*** Opening EXTRACTED DATA ***
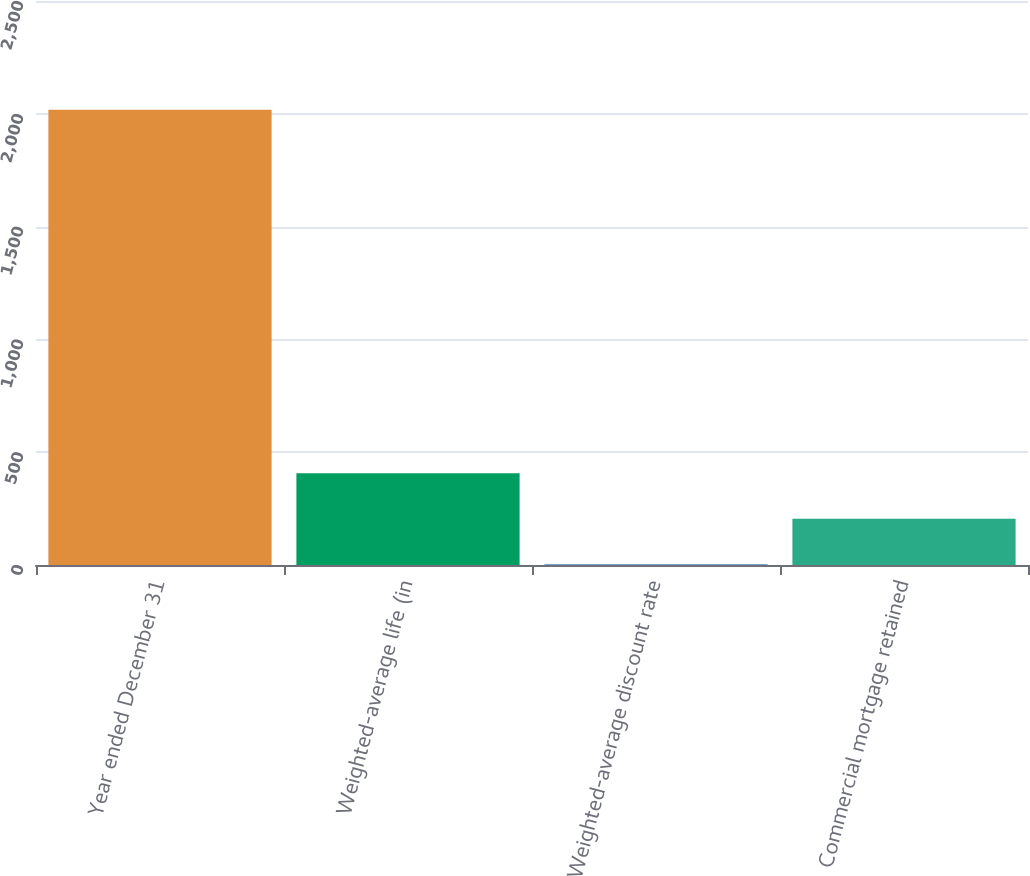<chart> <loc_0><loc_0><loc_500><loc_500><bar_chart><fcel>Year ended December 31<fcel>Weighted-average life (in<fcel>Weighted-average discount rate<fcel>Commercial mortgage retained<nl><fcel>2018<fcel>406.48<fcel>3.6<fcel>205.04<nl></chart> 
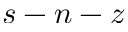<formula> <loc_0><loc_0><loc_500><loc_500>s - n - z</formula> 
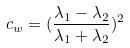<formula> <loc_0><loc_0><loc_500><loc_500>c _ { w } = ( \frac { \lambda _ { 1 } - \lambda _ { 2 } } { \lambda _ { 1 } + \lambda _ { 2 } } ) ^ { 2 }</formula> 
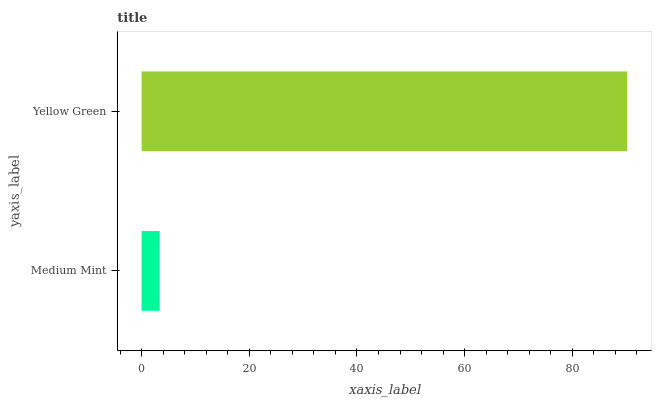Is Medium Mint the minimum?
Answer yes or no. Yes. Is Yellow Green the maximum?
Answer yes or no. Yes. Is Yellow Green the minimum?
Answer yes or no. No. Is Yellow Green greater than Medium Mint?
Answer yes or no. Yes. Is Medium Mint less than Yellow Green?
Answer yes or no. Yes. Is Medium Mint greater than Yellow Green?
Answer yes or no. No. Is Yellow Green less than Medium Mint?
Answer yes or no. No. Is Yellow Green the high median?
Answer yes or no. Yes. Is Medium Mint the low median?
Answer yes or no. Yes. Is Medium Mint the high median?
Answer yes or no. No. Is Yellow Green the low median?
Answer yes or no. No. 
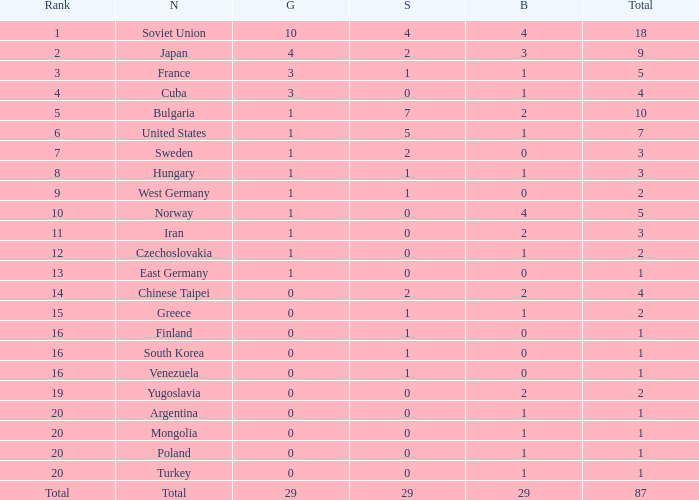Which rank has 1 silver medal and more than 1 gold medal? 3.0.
*** Closing EXTRACTED DATA ***
*** Opening EXTRACTED DATA ***
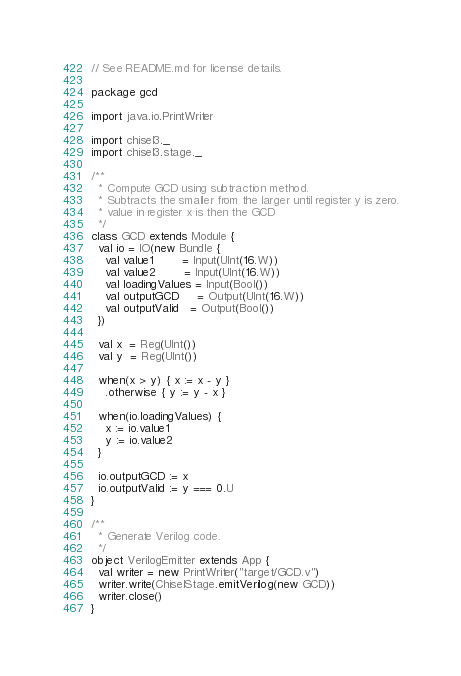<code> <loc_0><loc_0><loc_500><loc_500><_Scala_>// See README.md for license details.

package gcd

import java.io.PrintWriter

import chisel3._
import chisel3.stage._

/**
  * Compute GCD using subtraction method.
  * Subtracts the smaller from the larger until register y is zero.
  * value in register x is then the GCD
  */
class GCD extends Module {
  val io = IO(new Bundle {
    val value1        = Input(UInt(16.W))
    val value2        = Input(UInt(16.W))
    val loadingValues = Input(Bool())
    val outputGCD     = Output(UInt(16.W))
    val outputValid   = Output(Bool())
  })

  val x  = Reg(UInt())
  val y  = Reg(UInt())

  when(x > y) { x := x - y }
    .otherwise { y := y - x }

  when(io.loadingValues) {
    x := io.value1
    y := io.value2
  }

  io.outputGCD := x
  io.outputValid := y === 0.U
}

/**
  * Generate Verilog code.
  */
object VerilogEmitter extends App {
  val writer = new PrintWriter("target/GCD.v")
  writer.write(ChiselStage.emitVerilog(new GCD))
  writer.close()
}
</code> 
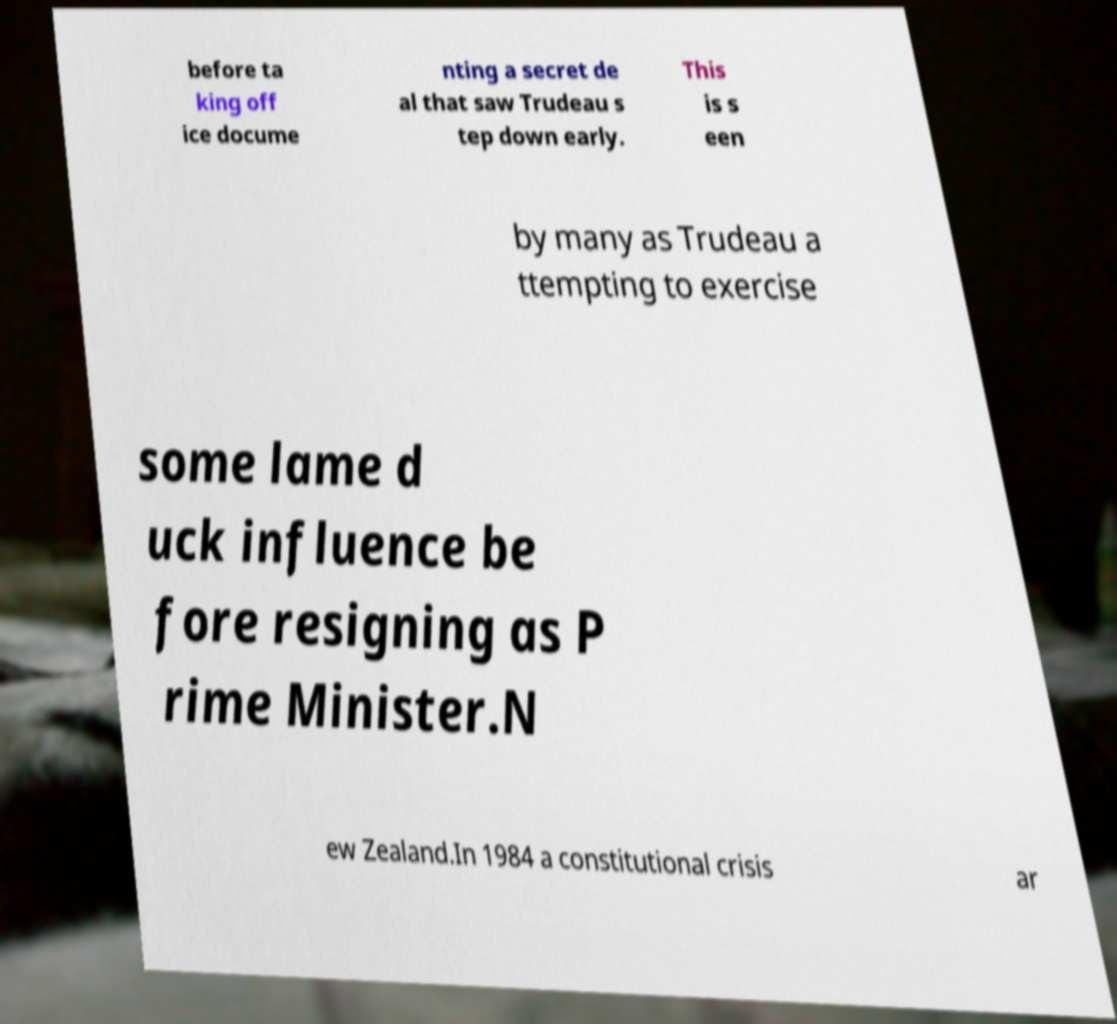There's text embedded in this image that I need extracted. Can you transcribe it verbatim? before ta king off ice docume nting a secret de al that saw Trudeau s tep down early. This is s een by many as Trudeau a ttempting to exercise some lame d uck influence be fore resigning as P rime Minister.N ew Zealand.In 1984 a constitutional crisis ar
*** Closing EXTRACTED DATA ***
__ABOUT THIS EXERCISE__
Everything above from the line that has "ended December 31<fcel>Weighted-average" down to the line that has "Which rank has" should be output exactly, with both of those lines included. Leave the pictures behind.

__YOUR RESPONSE__
<chart> <loc_0><loc_0><loc_500><loc_500><bar_chart><fcel>Year ended December 31<fcel>Weighted-average life (in<fcel>Weighted-average discount rate<fcel>Commercial mortgage retained<nl><fcel>2018<fcel>406.48<fcel>3.6<fcel>205.04<nl></chart> 
<formula> <loc_0><loc_0><loc_500><loc_500>s - n - z</formula> 
<formula> <loc_0><loc_0><loc_500><loc_500>c _ { w } = ( \frac { \lambda _ { 1 } - \lambda _ { 2 } } { \lambda _ { 1 } + \lambda _ { 2 } } ) ^ { 2 }</formula> 
Is Medium Mint the minimum?
Answer yes or no. Yes. Is Yellow Green the maximum?
Answer yes or no. Yes. Is Yellow Green the minimum?
Answer yes or no. No. Is Yellow Green greater than Medium Mint?
Answer yes or no. Yes. Is Medium Mint less than Yellow Green?
Answer yes or no. Yes. Is Medium Mint greater than Yellow Green?
Answer yes or no. No. Is Yellow Green less than Medium Mint?
Answer yes or no. No. Is Yellow Green the high median?
Answer yes or no. Yes. Is Medium Mint the low median?
Answer yes or no. Yes. Is Medium Mint the high median?
Answer yes or no. No. Is Yellow Green the low median?
Answer yes or no. No. 
Which rank has 1 silver medal and more than 1 gold medal? 3.0.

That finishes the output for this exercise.